Fuzzy language and fuzzy thinking were always among Carlin's favorite topics. He marveled at oxymorons like "jumbo shrimp" and "military intelligence," and pointed out the social uses of euphemism: "When did 'toilet paper' become bathroom tissue'? When did house trailers become 'mobile homes'?" He reminisced about his class-clown antics and Catholic upbringing in the rough Morningside Heights section of New York City. He took on all the taboos, even the biggest one, God. How could the Almighty be all-powerful, mused Carlin, since "everything he ever makes ... dies."

George Carlin: An Appreciation

IT'S ABOUT SO much more than those seven words you can never say on television, though that in and of itself might have been enough.

This was one of the first comedy records I ever owned. I had it on LP, and I think I wore it out and I probably bought it again when it started to skip. And then I think my Mom found it and threw it away so I got smart and I bought it again on cassette.

When I was a kid, I didn't know from no counterculture. Nor did I care. What I did know from a very early age was that Carlin was inordinately interested in language. The feel of it, the heft of words -- words that are used to hurt, and especially words that are used to hide and paper over hypocrisy. From his deconstruction of Airline Terms to his comparisons of the relatively benign socialist implications of baseball versus the military oppression of football, Carlin was a writer's comic, first and foremost.

Words are weapons and they were never funnier, more direct, or more beautiful than when allayed in the hands of the master.

One of the more interesting Carlin routines I'd ever heard was one that was never made public. It turns out that in his shuffling around high schools in New York, before he finally dropped out, he made a short pitstop at Cardinal Hayes High School in the South Bronx. That's where my father went, too. My Dad would have been the year behind George.

Anyway, some years later a tape arrives from the Cardinal Hayes Alumni Association. The school still does what it did back in my Dad's day -- provides scholarships and a leg up for poor students. Only now the students aren't Irish or Italian, they're Puerto Rican and African American. Anyway, Carlin did a fundraiser for them -- and it wasn't quite a performance. But it was cerainly an appearance. He name checked nuns by name, and kibitzed, and it was part routine but really part reminiscence. You got to see a bit of the heart of the man, I thought. Maybe you didn't notice that as much when he was raging. But it was there. And like a lot of cynics, I don't think it was ever very far from his sleeve.

The best line in the routine came not from Carlin but from somebody else on the tape -- talking about Carlin's (single) mother. I believe the word "sainted" might have been thrown around.

It felt like a peek behind the veil of the performer.
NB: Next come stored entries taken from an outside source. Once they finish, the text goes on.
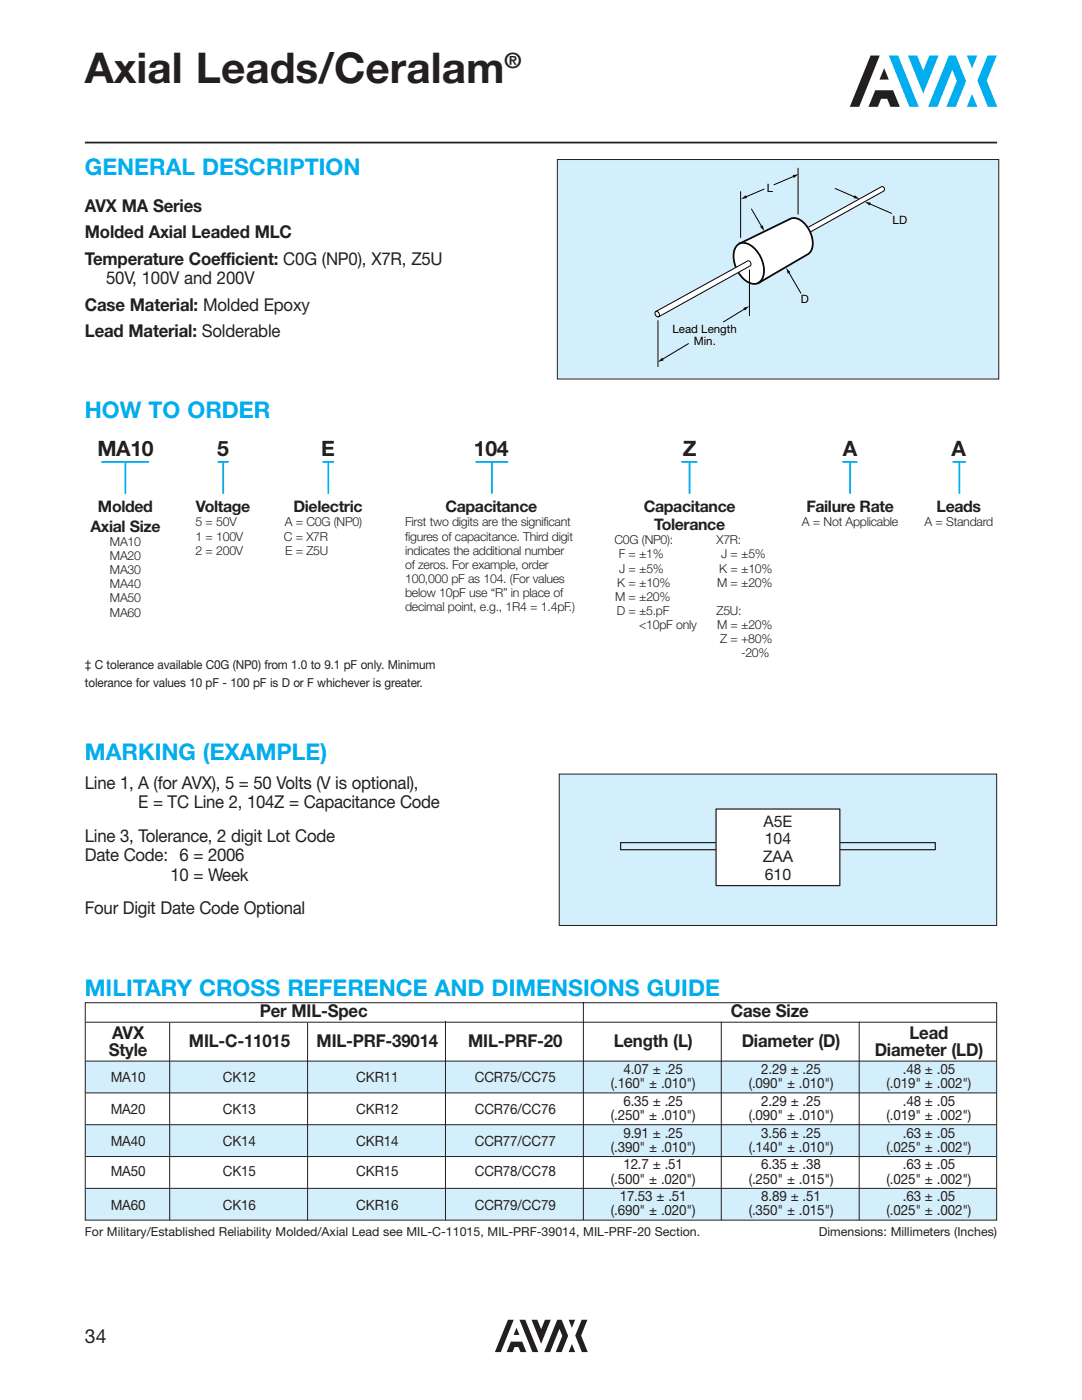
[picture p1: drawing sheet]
<svg xmlns="http://www.w3.org/2000/svg" width="216mm" height="279mm" viewBox="0 0 216 279" stroke-linecap="round" stroke-linejoin="round" font-family="sans-serif">
<defs><g id="words">
<text font-size="8.5" fill="#231f20" x="16.9" y="16.6">Axial Leads/Ceralam</text>
<g font-size="4.6" fill="#00aeef">
<text x="16.9" y="35">GENERAL DESCRIPTION</text>
<text x="16.9" y="83.3">HOW TO ORDER</text>
<text x="16.9" y="151.7">MARKING (EXAMPLE)</text>
<text x="16.9" y="198.7">MILITARY CROSS REFERENCE AND DIMENSIONS GUIDE</text>
</g>
<g font-size="4.2" fill="#231f20">
<text x="100.7" y="13.6">®</text>
<text x="19.4" y="91">MA10</text>
<text x="43.3" y="91">5</text>
<text x="64.1" y="91">E</text>
<text x="94.6" y="91">104</text>
<text x="136.2" y="91">Z</text>
<text x="168.2" y="91">A</text>
<text x="189.9" y="91">A</text>
</g>
<text font-size="3.9" fill="#231f20" x="16.9" y="268.1">34</text>
<g font-size="3.5" fill="#231f20">
<text x="16.9" y="42.3">AVX MA Series</text>
<text x="16.9" y="47.6">Molded Axial Leaded MLC</text>
<text x="16.9" y="52.9">Temperature Coefficient: C0G (NP0), X7R, Z5U</text>
<text x="21.2" y="56.8">50V, 100V and 200V</text>
<text x="16.9" y="62.1">Case Material: Molded Epoxy</text>
<text x="16.9" y="67.3">Lead Material: Solderable</text>
<text x="16.9" y="157.4">Line 1, A (for AVX), 5 = 50 Volts (V is optional),</text>
<text x="27.6" y="161.3">E = TC Line 2, 104Z = Capacitance Code</text>
<text x="16.9" y="168">Line 3, Tolerance, 2 digit Lot Code</text>
<text x="16.9" y="171.9">Date Code: 6 = 2006</text>
<text x="34" y="175.7">10 = Week</text>
<text x="16.9" y="182.4">Four Digit Date Code Optional</text>
<text x="51.8" y="203">Per MIL-Spec</text>
<text x="145.8" y="203">Case Size</text>
<text x="22.4" y="207.3">AVX</text>
<text x="37.7" y="209">MIL-C-11015</text>
<text x="63.2" y="209">MIL-PRF-39014</text>
<text x="93.4" y="209">MIL-PRF-20</text>
<text x="122.5" y="209">Length (L)</text>
<text x="148" y="209">Diameter (D)</text>
<text x="181.5" y="207.3">Lead</text>
<text x="21.7" y="210.8">Style</text>
<text x="174.5" y="210.8">Diameter (LD)</text>
</g>
<g font-size="3.2" fill="#231f20">
<text x="18" y="106.1">Axial Size</text>
<text x="19.6" y="102.2">Molded</text>
<text x="39.1" y="102.2">Voltage</text>
<text x="58.6" y="102.2">Dielectric</text>
<text x="88.9" y="102.2">Capacitance</text>
<text x="128.4" y="102.2">Capacitance</text>
<text x="130.5" y="105.8">Tolerance</text>
<text x="160.9" y="102.2">Failure Rate</text>
<text x="186.9" y="102.2">Leads</text>
<text x="152.3" y="165">A5E</text>
<text x="152.2" y="172">ZAA</text>
<text x="152.6" y="168.5">104</text>
<text x="152.6" y="175.6">610</text>
</g>
<g font-size="2.8" fill="#231f20">
<text x="124.4" y="214.3">4.07 ± .25</text>
<text x="151.9" y="214.3">2.29 ± .25</text>
<text x="180.1" y="214.3">.48 ± .05</text>
<text x="22.1" y="216">MA10</text>
<text x="44.5" y="216">CK12</text>
<text x="71.1" y="216">CKR11</text>
<text x="94.7" y="216">CCR75/CC75</text>
<text x="121.9" y="217.1">(.160&quot; ± .010&quot;)</text>
<text x="124.4" y="220.7">6.35 ± .25</text>
<text x="149.4" y="217.1">(.090&quot; ± .010&quot;)</text>
<text x="151.9" y="220.7">2.29 ± .25</text>
<text x="176.9" y="217.1">(.019&quot; ± .002&quot;)</text>
<text x="180.1" y="220.7">.48 ± .05</text>
<text x="22.1" y="222.4">MA20</text>
<text x="44.5" y="222.4">CK13</text>
<text x="71.1" y="222.4">CKR12</text>
<text x="94.7" y="222.4">CCR76/CC76</text>
<text x="121.9" y="223.5">(.250&quot; ± .010&quot;)</text>
<text x="124.4" y="227">9.91 ± .25</text>
<text x="149.4" y="223.5">(.090&quot; ± .010&quot;)</text>
<text x="151.9" y="227">3.56 ± .25</text>
<text x="176.9" y="223.5">(.019&quot; ± .002&quot;)</text>
<text x="180.1" y="227">.63 ± .05</text>
<text x="22.1" y="228.7">MA40</text>
<text x="44.5" y="228.7">CK14</text>
<text x="71.1" y="228.7">CKR14</text>
<text x="94.7" y="228.7">CCR77/CC77</text>
<text x="121.9" y="229.8">(.390&quot; ± .010&quot;)</text>
<text x="124.4" y="233.4">12.7 ± .51</text>
<text x="149.4" y="229.8">(.140&quot; ± .010&quot;)</text>
<text x="151.9" y="233.4">6.35 ± .38</text>
<text x="176.9" y="229.8">(.025&quot; ± .002&quot;)</text>
<text x="180.1" y="233.4">.63 ± .05</text>
<text x="22.1" y="234.8">MA50</text>
<text x="44.5" y="234.8">CK15</text>
<text x="71.1" y="234.8">CKR15</text>
<text x="94.7" y="234.8">CCR78/CC78</text>
<text x="121.9" y="236.2">(.500&quot; ± .020&quot;)</text>
<text x="123.7" y="239.7">17.53 ± .51</text>
<text x="149.4" y="236.2">(.250&quot; ± .015&quot;)</text>
<text x="151.9" y="239.7">8.89 ± .51</text>
<text x="176.9" y="236.2">(.025&quot; ± .002&quot;)</text>
<text x="180.1" y="239.7">.63 ± .05</text>
<text x="22.1" y="241.4">MA60</text>
<text x="44.5" y="241.4">CK16</text>
<text x="71.1" y="241.4">CKR16</text>
<text x="94.7" y="241.4">CCR79/CC79</text>
<text x="121.9" y="242.5">(.690&quot; ± .020&quot;)</text>
<text x="149.4" y="242.5">(.350&quot; ± .015&quot;)</text>
<text x="176.9" y="242.5">(.025&quot; ± .002&quot;)</text>
</g>
<g font-size="2.5" fill="#231f20">
<text x="39" y="105.1">5 = 50V</text>
<text x="39" y="107.9">1 = 100V</text>
<text x="56.6" y="107.9">C = X7R</text>
<text x="56.8" y="105.1">A = C0G (NP0)</text>
<text x="80.8" y="105.1">First two digits are the significant</text>
<text x="80.8" y="107.9">figures of capacitance. Third digit</text>
<text x="160" y="105.1">A = Not Applicable</text>
<text x="184.5" y="105.1">A = Standard</text>
<text x="21.9" y="109">MA10</text>
<text x="21.9" y="111.8">MA20</text>
<text x="39" y="110.7">2 = 200V</text>
<text x="56.9" y="110.7">E = Z5U</text>
<text x="80.8" y="110.7">indicates the additional number</text>
<text x="80.8" y="113.5">of zeros. For example, order</text>
<text x="122.6" y="108.6">C0G (NP0):</text>
<text x="123.4" y="111.4">F = ±1%</text>
<text x="143" y="108.6">X7R:</text>
<text x="143.9" y="111.4">J = ±5%</text>
<text x="21.9" y="114.6">MA30</text>
<text x="21.9" y="117.4">MA40</text>
<text x="80.8" y="116.4">100,000 pF as 104. (For values</text>
<text x="80.8" y="119.2">below 10pF use “R” in place of</text>
<text x="122.7" y="119.9">M = ±20%</text>
<text x="123.2" y="117.1">K = ±10%</text>
<text x="123.5" y="114.3">J = ±5%</text>
<text x="143.1" y="117.1">M = ±20%</text>
<text x="143.5" y="114.3">K = ±10%</text>
<text x="21.9" y="120.2">MA50</text>
<text x="21.9" y="123.1">MA60</text>
<text x="80.8" y="122">decimal point, e.g., 1R4 = 1.4pF.)</text>
<text x="123.1" y="122.7">D = ±5.pF</text>
<text x="127.5" y="125.6">&lt;10pF only</text>
<text x="143" y="122.7">Z5U:</text>
<text x="143.1" y="125.6">M = ±20%</text>
<text x="143.7" y="128.4">Z = +80%</text>
<text x="147.9" y="131.2">-20%</text>
<text x="16.9" y="133.5">‡ C tolerance available C0G (NP0) from 1.0 to 9.1 pF only. Minimum</text>
<text x="16.9" y="137.1">tolerance for values 10 pF - 100 pF is D or F whichever is greater.</text>
<text x="16.9" y="246.7">For Military/Established Reliability Molded/Axial Lead see MIL-C-11015, MIL-PRF-39014, MIL-PRF-20 Section.</text>
<text x="163.4" y="246.7">Dimensions: Millimeters (Inches)</text>
</g>
<g font-size="2.3">
<text x="153" y="38.3">L</text>
<text x="178.1" y="44.7">LD</text>
<text x="159.8" y="60.6">D</text>
<text x="134.2" y="66.5">Lead Length</text>
<text x="138.4" y="68.8">Min.</text>
</g>
</g></defs>
<g fill="#00aeef">
<path d="M192.9 11.1h2.1l-1 2.5z"/>
<path d="M197.1 11.1h1.8l-2 5 2.1 5.2h-1.9l-2.1-5.2z"/>
<path d="M194 18.8l1 2.5h-2.1z"/>
<path d="M189.3 11.1h1.4l2.1 5.1-2.1 5.1h-1.9l2.1-5.1-.9-2.3-2.9 7.4h-1.9z"/>
<path d="M181.2 11.1h1.8l1.2 3 1.2-3h1.9l-3.1 7.6z"/>
</g>
<path d="M176.4 13.6l.9 2.3h-1.8z" fill="#231f20"/>
<path d="M177.4 11.1h1.8l4.1 10.2h-1.8z" fill="#00aeef"/>
<g fill="#231f20">
<path d="M173.7 11.1h1.8l-4.1 10.2h-1.8z"/>
<path d="M174.6 18h3.6l1.3 3.3h-1.8l-.7-1.6h-1.2l-.6 1.6h-1.9z"/>
<path d="M113.5 263.4h1.3l-.7 1.6z"/>
<path d="M116.1 263.4h1.1l-1.3 3.1 1.4 3.3h-1.2l-1.3-3.3z"/>
<path d="M114.1 268.2l.7 1.6h-1.3z"/>
<path d="M111.2 263.4h.9l1.3 3.2-1.3 3.2h-1.2l1.3-3.2-.6-1.4-1.8 4.6h-1.2z"/>
<path d="M106.1 263.4h1.1l.8 1.9 .7-1.9h1.2l-1.9 4.8z"/>
<path d="M103.1 265l.5 1.4h-1.1z"/>
<path d="M103.7 263.4h1.1l2.6 6.4h-1.2z"/>
<path d="M101.4 263.4h1.1l-2.6 6.4h-1.2z"/>
<path d="M101.9 267.8h2.3l.8 2h-1.1l-.4-1h-.8l-.4 1h-1.2z"/>
</g>
<path d="M16.9 28.5h182.1" fill="none" stroke="#231f20" stroke-width=".35"/>
<g fill="#d4effc">
<path d="M17 211.8h181.9v6.3h-181.9z"/>
<path d="M17 224.5h181.9v6.2h-181.9z"/>
<path d="M17 237.1h181.9v6.4h-181.9z"/>
<path d="M111.6 154.5h87.3v30.2h-87.3z"/>
</g>
<path d="M123.8 168.2h62.8v1.4h-62.8z" fill="none" stroke="#231f20" stroke-width=".25"/>
<path d="M142.9 161.5h24.7v15.2h-24.7z" fill="#fff"/>
<path d="M142.9 161.5h24.7v15.2h-24.7z" fill="none" stroke="#231f20" stroke-width=".25"/>
<g fill="none" stroke="#231f20" stroke-width=".2">
<path d="M111.6 154.5h87.3v30.2h-87.3zM17 200.1h181.9v43.4h-181.9zM17.1 204h181.7M17.1 211.8h181.7M17.1 218.1h181.7M33.9 204.1v39.3M61.4 204.1v39.3M88.9 203.7v39.7M116.4 200v43.4M143.9 203.9v39.5M171.4 203.9v39.5M17.1 224.5h181.7"/>
<path d="M17.1 230.8h181.7M17.1 237.2h181.7"/>
</g>
<path d="M111.2 31.8h88.1v43.8h-88.1z" fill="#d4effc"/>
<path d="M161.4 45.3l14.5-8a.49 .49 0 0 1 .5 .2 .49 .49 0 0 1-.1 .7l-14.5 8z" fill="#fff" stroke="#000" stroke-width=".2"/>
<path d="M147.2 48.9l10.5-5.2a2.71 2.71 0 0 1 3.1 1.2 5 5 0 0 1 1 5.2l-.7 .7-9.7 5.7a3 3 0 0 1-3.5-1.4 5.4 5.4 0 0 1-1.1-5.8z" fill="#fff" stroke="#000" stroke-width=".35"/>
<path d="M147.8 38.2v9.2M152.5 37.7l-3.8 1.6M158.5 35.2l-4.1 1.7M159.2 33.6v9.1M166.7 37.6l3.9 1.7M149.5 53.9v9.1M149.9 41.7l2.1 3.6M157.3 54.3l2.5 4.2M173.5 40.6l4.4 2M131.3 64v9.2M137.4 68.6l-5.3 3.2M148.7 61.6l-4.4 2.7" fill="none" stroke="#000" stroke-width=".2"/>
<path d="M147.9 39.7l.9-.7 .2 .5zM158.2 34.9l1.1-.1-.9 .7zM170.6 39l.9 .7-1.2-.2zM151.7 45.3l.5-.3 .3 1.1zM156.9 53.5l.8 .8-.5 .3zM172.6 40.3l1.2 .2-.3 .5zM132.1 71.4l.3 .5-1.1 .3zM148.3 61.5l1.2-.4-.9 .9z" fill="#000"/>
<path d="M147.5 48.6a3.1 3.1 0 0 1 3.4 1.3 5.5 5.5 0 0 1 1.1 5.8l-.8 .8" fill="none" stroke="#000" stroke-width=".35"/>
<path d="M130.8 62.2l18.4-10.1a.61 .61 0 0 1 .6 .3 .61 .61 0 0 1-.1 .7l-18.3 10.1z" fill="#fff" stroke="#000" stroke-width=".2"/>
<path d="M130.8 62.2a.65 .65 0 0 1 .7 .3 .65 .65 0 0 1-.1 .7 .65 .65 0 0 1-.6-.3 .65 .65 0 0 1 0-.7z" fill="none" stroke="#000" stroke-width=".2"/>
<path d="M111.2 31.8h88.1v43.8h-88.1z" fill="none" stroke="#231f20" stroke-width=".2"/>
<g fill="#fff">
<path d="M16.9 31.8h87.2v7.6h-87.2z"/>
<path d="M16.9 80.1h182.1v7.6h-182.1z"/>
<path d="M16.9 87.6h16.2v37.2h-16.2z"/>
</g>
<path d="M20.2 92.2h9.5M25 92.2v6.3" fill="none" stroke="#00aeef" stroke-width=".35"/>
<path d="M38.6 87.6h11.8v38.3h-11.8z" fill="#fff"/>
<path d="M43.4 92.2h2.3M44.5 92.2v6.3" fill="none" stroke="#00aeef" stroke-width=".35"/>
<path d="M55.9 87.6h19.1v38.3h-19.1z" fill="#fff"/>
<path d="M64.4 92.2h2.2M65.5 92.2v6.3" fill="none" stroke="#00aeef" stroke-width=".35"/>
<path d="M80.5 87.6h35.1v38.3h-35.1z" fill="#fff"/>
<path d="M94.9 92.2h6.5M98.2 92.2v6.3" fill="none" stroke="#00aeef" stroke-width=".35"/>
<path d="M121.5 87.6h32.2v19.3h-32.2z" fill="#fff"/>
<path d="M135.9 92.2h3.3M137.6 92.2v6.3" fill="none" stroke="#00aeef" stroke-width=".35"/>
<path d="M159.6 87.6h20.1v38.3h-20.1z" fill="#fff"/>
<path d="M168.1 92.2h3M169.6 92.2v6.3" fill="none" stroke="#00aeef" stroke-width=".35"/>
<path d="M184 87.6h14.7v31.6h-14.7z" fill="#fff"/>
<path d="M190.1 92.2h2.6M191.4 92.2v6.3" fill="none" stroke="#00aeef" stroke-width=".35"/>
<path d="M16.9 131.8h87.1v7.5h-87.1z" fill="#fff"/>
<use href="#words"/>
</svg>

The iconoclast who never went away and never stopped raging, or kicking against the pricks.

Well, George, we might not have gotten that one, but we got piss and ass, and we're working on the rest. (Because if you're an aficianado of the Carlin oevre, you know not just the "Seven Words You Can Never Say on Television" but also the much longer and dirtier, "Filthy Words.")

For his love of language and for making me laugh so very hard for so very many years, Thanks George.

Bing Bong, check the time, five hours after the big hour of five o'clock.